An NWT minister issued a public apology on Friday after the territory’s licensed childcare providers were left waiting for promised funding to appear in their bank accounts.
Funds set to be transferred at the start of the fiscal year, April 1, didn’t reach some providers until April 3 or later, an industry representative said this week.
Patricia Davison, of the NWT Early Childhood Association, said the territorial government’s failure to accurately communicate when the money would arrive had jeopardized some providers’ financial stability and damaged relations.
Cabin Talks podcast: Why NWT childcare providers are anxious
“The department’s trying really hard, but the way it’s being communicated is causing people to not trust them and creating anxiety,” Davison said.
Operators depend on prompt arrival of funds to pay bills and buy supplies for their programs, she added, “so even a couple of days” can cause significant cashflow problems.
Education minister Caitlin Cleveland issued an apology to providers, telling Cabin Radio: “I’m very sorry for how the week went.”
“The buck stops with me. I want to start off by offering a very heartfelt apology to providers, because in the territory we are very reliant on them,” the minister said.
Monday, April 1 was not a business day as it formed part of the Easter holiday. As a result, Cleveland said, payments went out on April 2, but some transfers were delayed as they passed through banking systems before reaching providers.
“It’s incredibly frustrating that that’s how it went down,” she said, promising she would work to ensure no such delay occurs in future.
“People are waiting on paycheques to pay mortgages, to pay insurance, to pay for vehicle payments that they use to take care of our children and to take care of their own families,” the minister said.
“They rely on the certainty of getting paid when they expect to get paid, because they set up their whole lives around that to make sure they’re paying people on time as well.
“I’m working with the department to make sure this doesn’t happen again.”
‘They didn’t have to rush it’
Childcare providers in the NWT are operating on shifting ground.
Year after year, the bones of the industry are changing to keep pace with a federally mandated push toward $10-a-day childcare.
That effort to drive down fees is welcomed by many families who struggle to meet the northern cost of living, but it comes with significant changes under the hood that providers must understand and accommodate.
For example, charging lower fees to families means an increased reliance on millions of dollars in government subsidies to make those fees economically viable for providers. When government payments don’t arrive on time, the system can break down.
Meanwhile, other changes like wage grids are being introduced to try to ensure people are fairly and consistently paid across the industry, even as fees come down. Operators will soon have to fill out reports that document how their staff fit within the new wage grids, but Davison told Cabin Radio nobody has yet seen any of the relevant forms to know how that will work.

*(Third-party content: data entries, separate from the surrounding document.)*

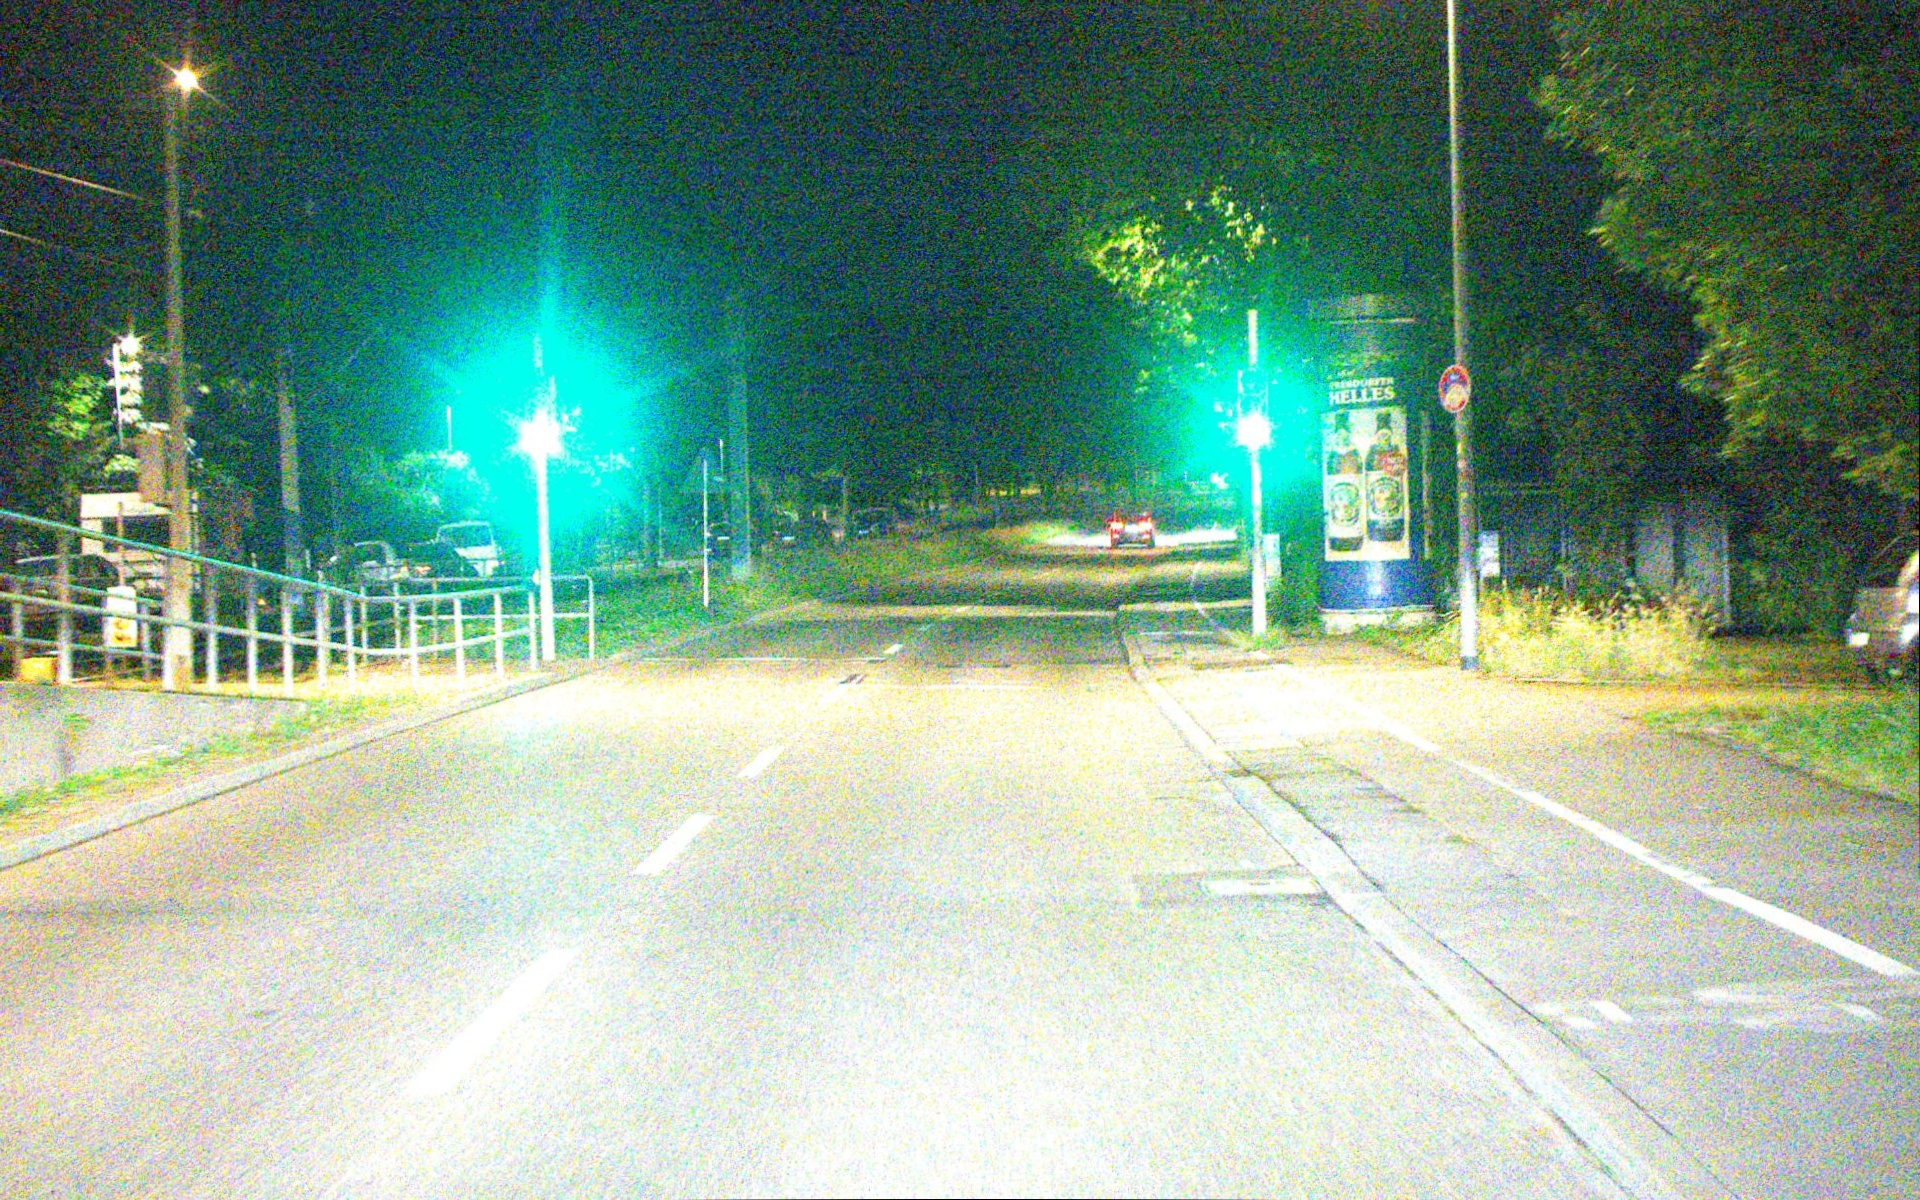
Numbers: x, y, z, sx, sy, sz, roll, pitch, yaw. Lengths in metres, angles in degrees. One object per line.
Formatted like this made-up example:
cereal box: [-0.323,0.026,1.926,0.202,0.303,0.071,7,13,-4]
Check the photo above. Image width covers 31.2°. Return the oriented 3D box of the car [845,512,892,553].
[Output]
car: [-5.018,-3.738,189.051,2.092,2.006,4.000,-5,2,4]

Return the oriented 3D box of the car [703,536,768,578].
car: [-9.063,-1.758,139.141,1.994,1.622,4.677,-1,1,4]

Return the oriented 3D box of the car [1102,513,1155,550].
car: [7.260,-2.941,148.265,2.161,1.577,4.013,0,1,1]

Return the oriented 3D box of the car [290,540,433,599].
car: [-13.779,-0.713,79.295,3.028,1.321,1.534,-1,1,-1]

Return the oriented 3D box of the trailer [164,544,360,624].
trailer: [-14.294,-0.358,70.696,2.420,1.370,4.654,-4,1,9]

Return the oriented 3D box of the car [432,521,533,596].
car: [-12.582,-1.122,90.819,1.857,1.897,4.880,-1,1,1]

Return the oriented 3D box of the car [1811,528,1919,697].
car: [9.187,0.059,28.620,3.764,1.349,1.859,-1,1,2]

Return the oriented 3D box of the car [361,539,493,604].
car: [-13.086,-0.716,84.765,1.902,1.517,5.170,-1,1,7]

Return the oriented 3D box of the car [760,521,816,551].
car: [-7.915,-2.943,158.572,1.994,1.333,5.432,-1,1,4]

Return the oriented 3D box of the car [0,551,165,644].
car: [-14.793,-0.065,57.410,1.646,1.335,4.543,-5,1,3]

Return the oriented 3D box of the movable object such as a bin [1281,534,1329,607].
movable object such as a bin: [5.799,-0.501,57.757,0.724,1.196,0.719,-1,1,11]

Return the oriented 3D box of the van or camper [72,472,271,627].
van or camper: [-14.555,-0.957,63.821,2.272,2.638,5.665,-3,1,0]
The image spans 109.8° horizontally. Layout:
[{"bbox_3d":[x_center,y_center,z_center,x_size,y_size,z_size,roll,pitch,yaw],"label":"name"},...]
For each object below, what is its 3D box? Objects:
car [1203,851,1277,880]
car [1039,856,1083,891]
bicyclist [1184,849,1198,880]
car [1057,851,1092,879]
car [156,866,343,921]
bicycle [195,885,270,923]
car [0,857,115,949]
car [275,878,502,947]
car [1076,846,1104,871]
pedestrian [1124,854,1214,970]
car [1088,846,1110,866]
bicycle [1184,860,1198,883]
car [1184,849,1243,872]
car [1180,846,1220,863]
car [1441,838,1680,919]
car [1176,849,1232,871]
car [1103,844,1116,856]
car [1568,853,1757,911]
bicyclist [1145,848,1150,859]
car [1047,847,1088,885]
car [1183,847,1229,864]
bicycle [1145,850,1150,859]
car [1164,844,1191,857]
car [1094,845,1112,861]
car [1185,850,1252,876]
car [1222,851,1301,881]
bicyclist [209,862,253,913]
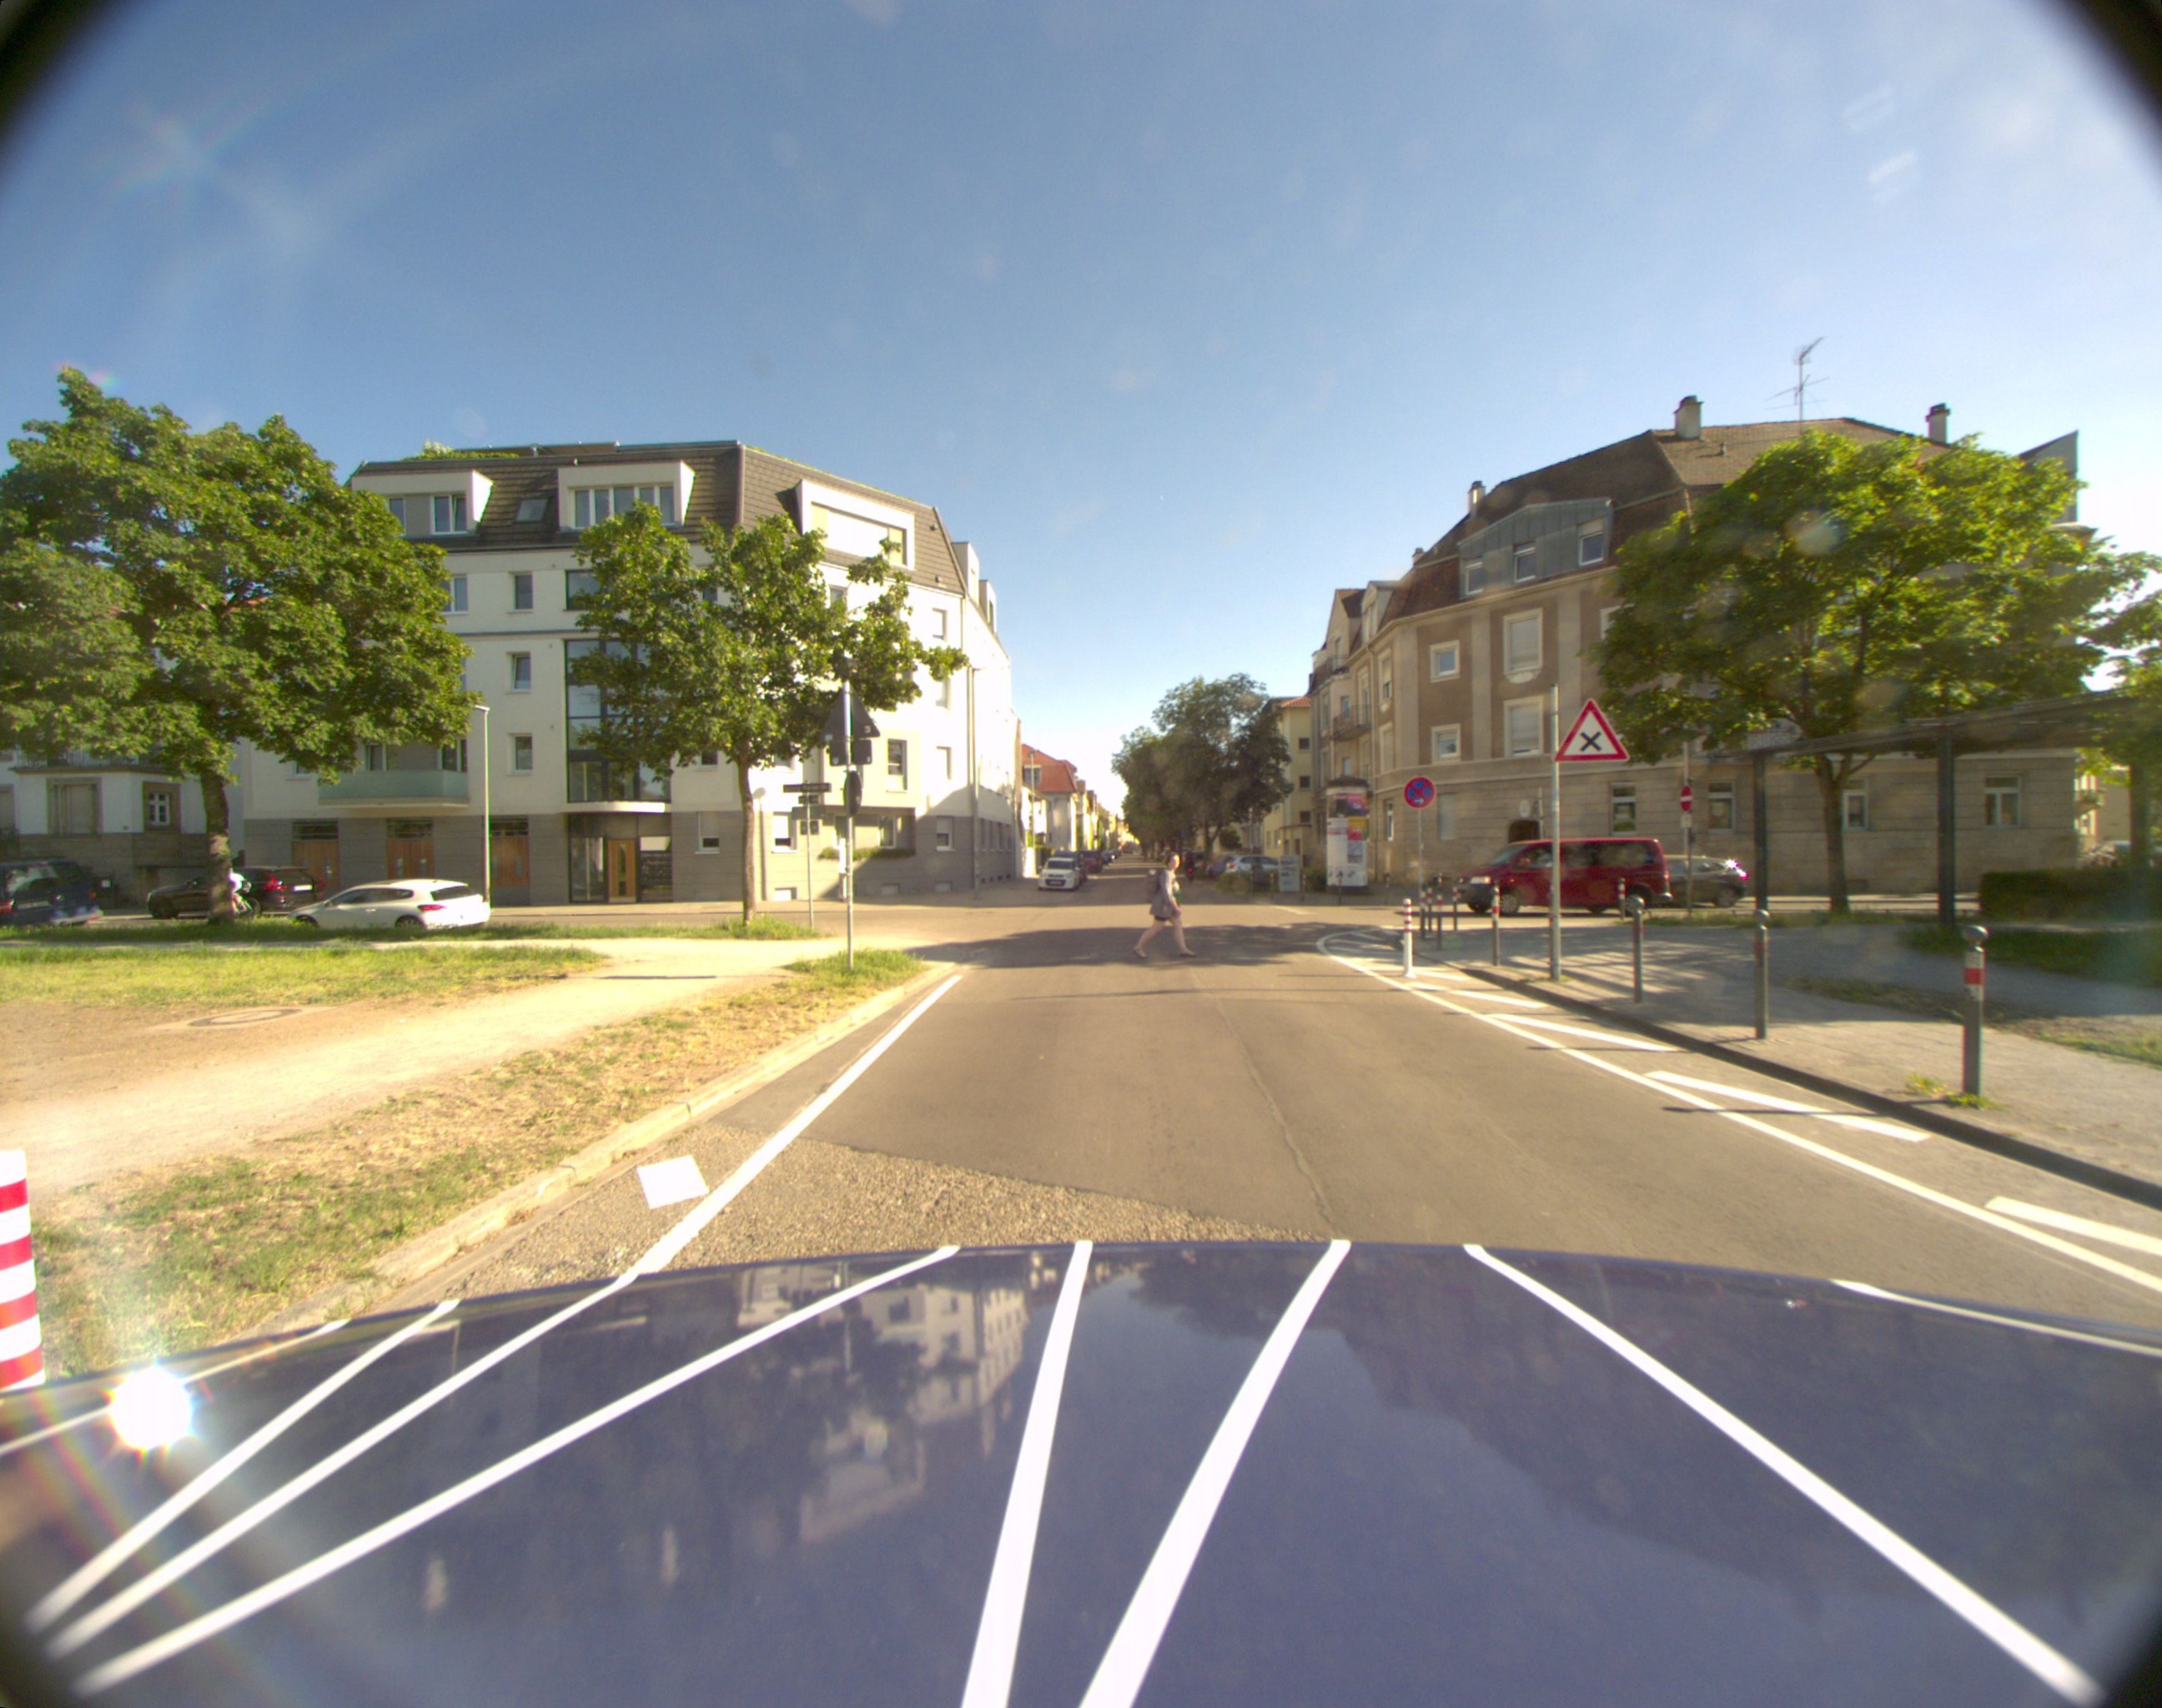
[{"bbox_3d":[8.905,0.634,42.693,3.788,1.486,1.692,-2,1,1],"label":"car"},{"bbox_3d":[-0.877,0.859,35.091,1.664,1.440,3.689,2,1,4],"label":"car"},{"bbox_3d":[5.715,0.554,39.529,0.644,1.610,0.637,-1,1,5],"label":"bicyclist"},{"bbox_3d":[-0.351,0.622,44.946,1.664,1.533,4.067,2,1,4],"label":"car"},{"bbox_3d":[-27.548,1.281,25.262,4.284,1.673,1.896,-1,2,5],"label":"car"},{"bbox_3d":[-24.991,1.458,22.391,1.707,1.083,0.507,-1,1,3],"label":"bicycle"},{"bbox_3d":[-27.480,1.194,19.166,3.989,2.073,1.783,-1,5,5],"label":"car"},{"bbox_3d":[-16.899,1.407,18.678,3.990,1.426,1.739,-1,5,4],"label":"car"},{"bbox_3d":[0.746,0.307,61.302,1.883,1.860,4.402,2,1,4],"label":"car"},{"bbox_3d":[1.331,0.848,11.695,1.091,1.664,0.912,-2,1,-13],"label":"pedestrian"},{"bbox_3d":[1.827,0.129,75.415,1.883,1.860,4.402,2,1,4],"label":"car"},{"bbox_3d":[5.722,0.904,39.581,0.644,1.102,2.066,-1,1,5],"label":"bicycle"},{"bbox_3d":[9.422,0.428,54.193,3.791,1.486,1.691,-2,1,-9],"label":"car"},{"bbox_3d":[11.393,0.034,72.981,3.528,1.486,1.692,-2,1,-1],"label":"car"},{"bbox_3d":[12.246,0.602,19.722,4.880,1.950,1.897,0,2,7],"label":"car"},{"bbox_3d":[9.248,0.457,57.223,3.791,1.486,1.691,-2,1,-9],"label":"car"},{"bbox_3d":[4.456,-0.610,117.172,1.883,1.734,4.403,0,0,4],"label":"car"},{"bbox_3d":[16.878,0.778,22.217,4.011,1.476,1.867,-1,4,1],"label":"car"},{"bbox_3d":[9.089,-0.066,104.012,0.644,1.557,1.043,-1,1,5],"label":"bicyclist"},{"bbox_3d":[-0.650,0.583,39.548,1.664,1.825,4.257,2,1,4],"label":"car"},{"bbox_3d":[11.272,0.124,68.593,3.789,1.486,1.692,-2,1,-1],"label":"car"},{"bbox_3d":[9.100,0.074,104.157,0.644,1.102,2.066,-1,1,5],"label":"bicycle"},{"bbox_3d":[13.303,-0.464,105.291,3.527,1.693,1.692,-2,1,2],"label":"car"},{"bbox_3d":[2.660,-0.084,90.808,1.883,1.860,4.403,0,0,4],"label":"car"},{"bbox_3d":[8.661,0.555,48.029,3.791,1.486,1.691,-2,1,-9],"label":"car"},{"bbox_3d":[9.570,0.638,40.464,3.788,1.436,1.692,-2,1,1],"label":"car"},{"bbox_3d":[-25.029,0.979,22.381,0.687,1.456,0.498,-1,1,3],"label":"bicyclist"}]

She says that’s one example of an upheaval that’s happening too quickly and is all too easily derailed.
“They didn’t have to rush it,” Davison said.
“The GNWT is trying to create something the federal government has promised, and I don’t think they have enough tools and resources to do that in a timely, non-anxiety-creating manner.”
“The speed at which we’re going? It absolutely is part of the problem,” Cleveland acknowledged.
“We’re making huge, drastic changes to an entire sector in a very short time period, right off the bat. If you look at lessons learned from other parts of the country, one of the things that is often said is: ‘Work on your capacity first, work on paying people, work on increasing spaces first.’ And that wasn’t an option.”
Referring to the federal agreement – originally worth $51 million to the NWT between 2021 and 2026 – Cleveland said: “The direction right off the bat, as part of the agreement, was getting dollars into families’ pockets. And so it’s this balance of making sure we’re making childcare affordable, but that we’re supporting the sector as we’re doing it.
“It is a tall order in the Northwest Territories to try to do everything at the same time … and so there are certainly growing pains.”
Cleveland said she will focus on “keeping lines of communication open” with providers, thanking them for feedback received about the past week’s funding delay.
At the same time, having watched her department become the subject of memes about the delay, Cleveland defended the departmental coordinators implementing the changes.
“They themselves are parents and want to see this sector flourish,” she said.
“We live in a unique part of the world where we all see one another at the grocery store, we all see one another on street corners. It’s important that we can work together to make this work, especially if we’re going to create a sustainable sector and grow these spaces together.”